A Lua e os bebês
Fernando Lang da Silveira
Instituto de Física da UFRGS
São muitas as crenças
populares que relacionam as fases da Lua com acontecimentos terrenos. Não
poderiam faltar aquelas que se referem ao nascimento de bebês. É comum ouvir-se
afirmações tais como: "Nascem mais bebês nos dias de mudança de fase da
Lua!" ou "Nascem mais bebês na Lua Cheia!". Recentemente escutei um
programa radiofônico no qual uma astróloga usou o seguinte argumento: "Se a
Lua é capaz de agir nas enormes massas de água dos oceanos, como ela não teria
efeito sobre os líquidos no útero da mãe ou sobre o outros fluídos corporais,
influenciando no crescimento dos nossos cabelos?". Sem dúvida, um persuasivo
argumento, especialmente para quem desconhece como as marés ocorrem. As pessoas
sabem que as marés existem; muitas já as observaram no mar, nunca, porém, em uma
bacia ou em um açude.
Desde Isaac Newton (1643 - 1727) sabe-se que as marés são devidas às forças de atração
gravitacional da Lua e do Sol sobre a Terra; os efeitos de maré causados pela
Lua são um pouco mais do dobro daqueles causados pelo Sol. As marés ocorrem
porque o campo gravitacional, que tanto a Lua quanto o Sol exercem sobre pontos
diferentes da Terra, é variável em intensidade e orientação. Essa variação se
deve ao fato de que o raio da Terra não é desprezível frente às distâncias ao
centro de qualquer um dos dois astros.
As águas oceânicas, que se estendem por amplas regiões da
Terra, acabam sofrendo diferentes atrações gravitacionais pela Lua ou pelo Sol,
o que vem a ocasionar as marés. Mas não há efeito de maré em uma região com
volume tão pequeno quanto o de uma bacia (ou até mesmo o de um açude), pois
distintos pontos dessa região estão eqüidistantes do astro atrator. Da mesma
forma, os líquidos no útero da mãe (ou no bulbo capilar) não sofrem efeitos de
maré. Adicionalmente, cabe notar que as maiores marés ocorrem em Lua Cheia e em
Lua Nova, quando a Lua e o Sol estão quase alinhados com a Terra e a composição
das duas forças de maré resulta ser máxima; na Lua Minguante ou Crescente as
marés são menores. Entretanto, as marés acontecem em qualquer dia e não apenas
em mudanças de fase da Lua. Conclui-se então que, se realmente nascessem mais
bebês em mudanças de fase da Lua, tal fato não poderia ser atribuído aos efeitos
de maré.
A fim de encontrar indícios a favor ou contra a tão difundida crença
popular de relação entre nascimentos de crianças e as fases da Lua, utilizei
dados dos arquivos sobre candidatos a concursos vestibulares da Universidade
Federal do Rio Grande do Sul. A partir as datas de nascimento dos candidatos, e
com auxílio de tabelas de lunação fornecidas pelo Observatório Nacional,
determinei em que dia do mês lunar cada candidato havia nascido. Um total de
93124 datas de nascimento constituem este estudo; 90% desses candidatos nasceram
entre 1967 e 1983. Os restantes 10% nasceram entre 1930 e 1967.

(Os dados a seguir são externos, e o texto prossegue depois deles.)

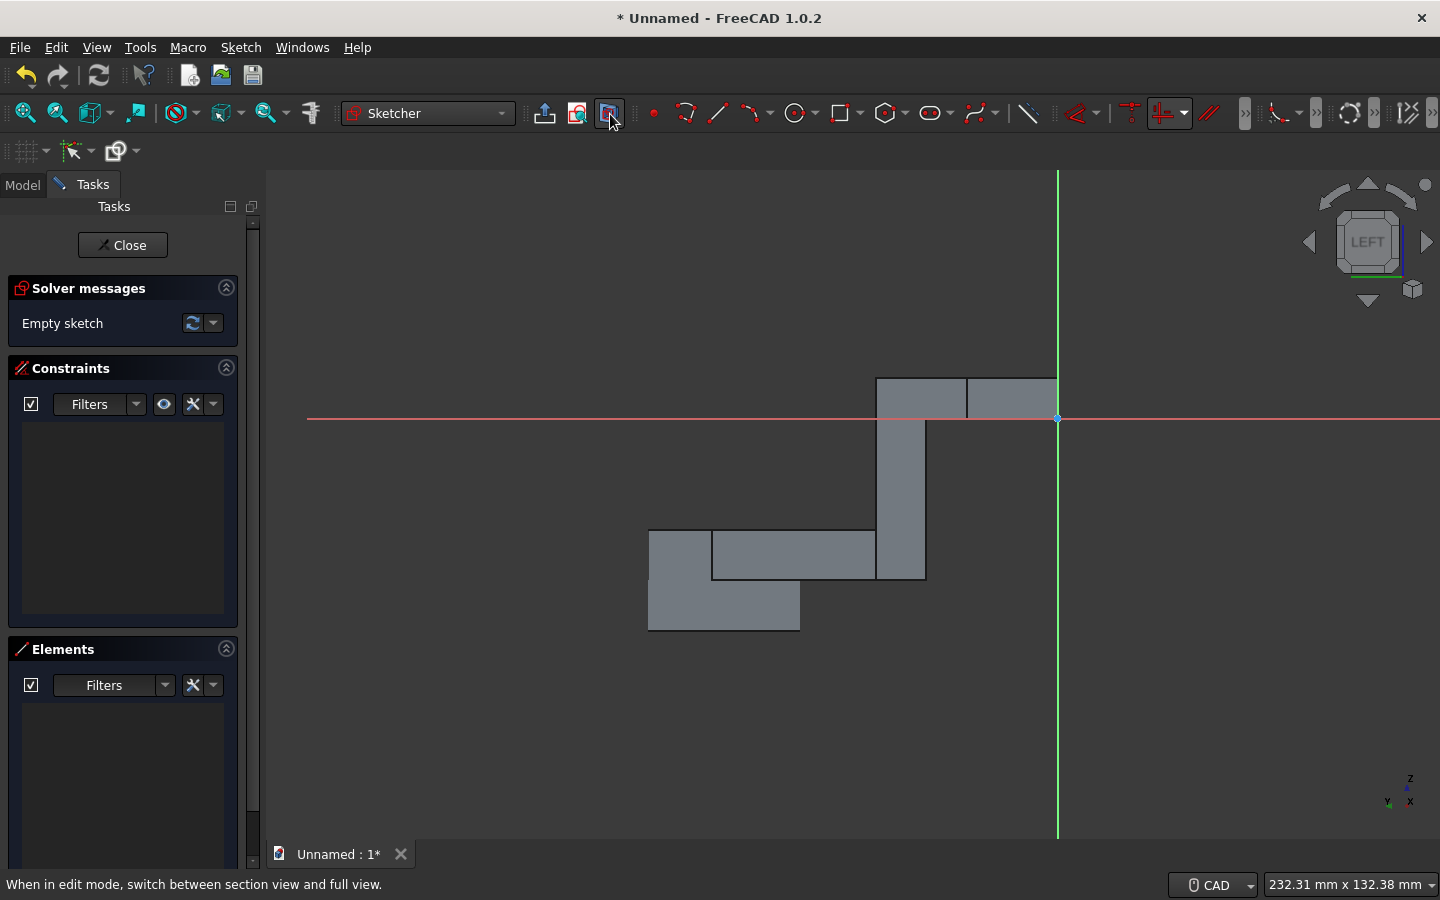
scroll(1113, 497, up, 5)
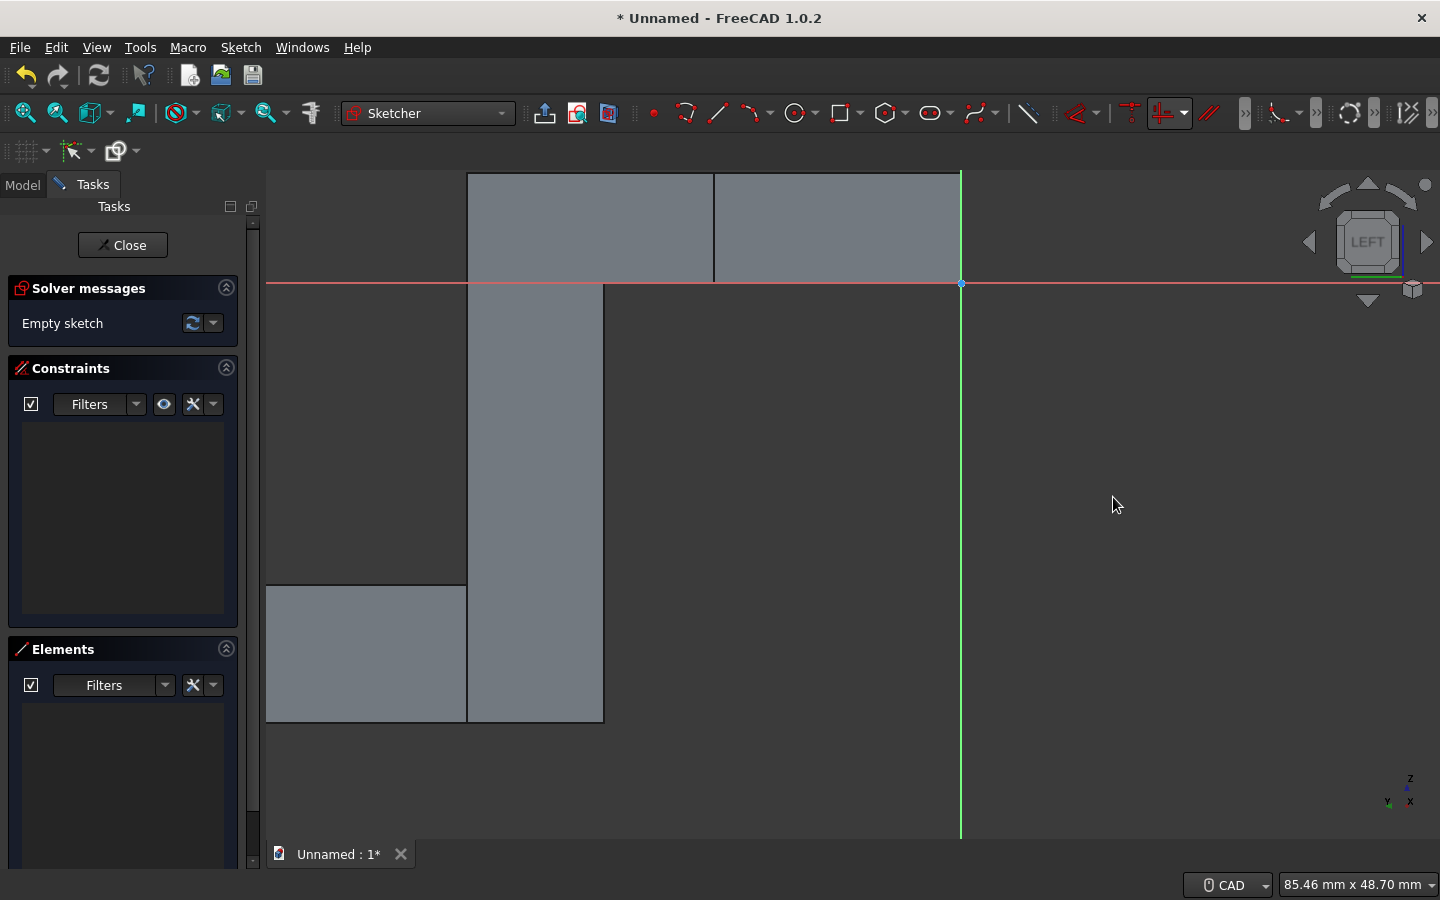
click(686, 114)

O gráfico de barras representa o número de nascimentos em dias de mudança
de fase da Lua (Nova, Crescente, Cheia e Minguante), bem como nos três dias
anteriores (-3, -2 e -1) e nos três dias posteriores (+1, +2 e +3) a cada
mudança.
Gráfico do número de
nascimentos em função do dia do mês lunar.
Observa-se no gráfico que o
número de nascimentos oscila em torno de 3300 por dia. O extremo superior no
número de nascimentos ocorre no dia posterior à Lua Nova (3425 nascimentos); o
inferior acontece três dias antes da Lua Cheia (3210 nascimentos). Um teste de
significância estatística permite concluir que as diferenças no número de
nascimentos ao longo do mês lunar estão dentro dos limites atribuíveis ao acaso
(c 2 = 24,93; p =
0,579). Ou seja, não há nenhuma evidência nesses dados de que em algum dia do
mês lunar nasçam mais ou menos bebês do que em outro, além das flutuações que
podem ocorrer por mero acaso.
Dessa forma, o resultado do estudo contradiz a alegação que em mudanças
de fase da Lua aumenta o número de nascimentos.
Serão verdadeiras as outras
tantas influências atribuídas à Lua pela sabedoria popular?